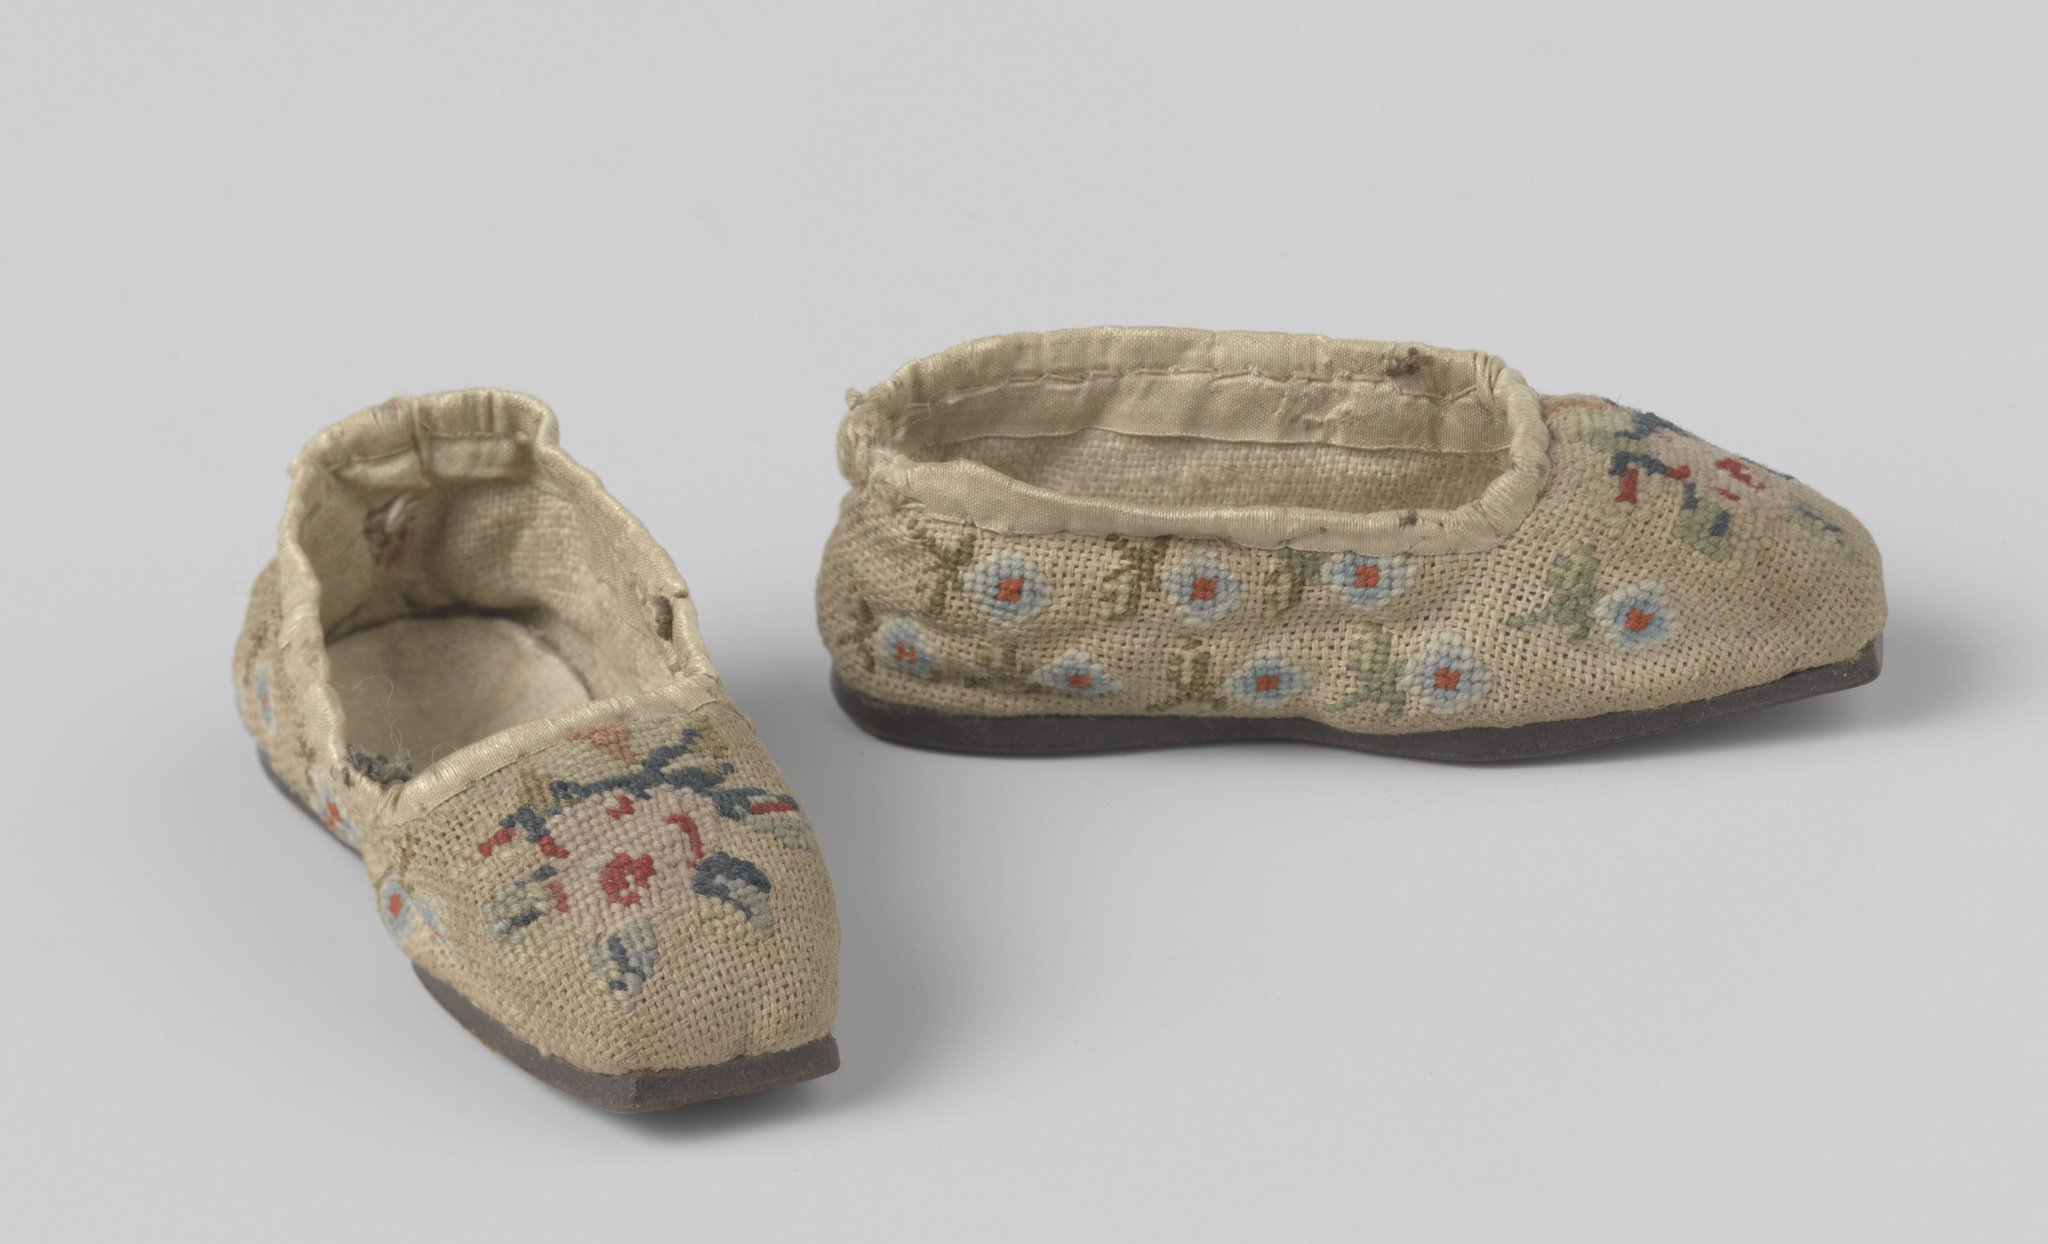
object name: doll's clothing
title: Schoen van linnen geborduurd met bloemen en takken
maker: Anonymous
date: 1825-1850
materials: leather, linen
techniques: embroidered
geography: netherlands
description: Poppenschoen van linnen geborduurd met bloemtakjes in blauw, kruissteek. Op het voorblad een rose roos. Geen hak, vierkante neus.

YOUR ASSIGNMENT
If any image appears in the entries, omit it and return the rest verbatim.

ANSWER FOR THIS EXERCISE
object name: doll's clothing
title: Schoen van linnen geborduurd met bloemen en takken
maker: Anonymous
date: 1825-1850
materials: leather, linen
techniques: embroidered
geography: netherlands
description: Poppenschoen van linnen geborduurd met bloemtakjes in blauw, kruissteek. Op het voorblad een rose roos. Geen hak, vierkante neus.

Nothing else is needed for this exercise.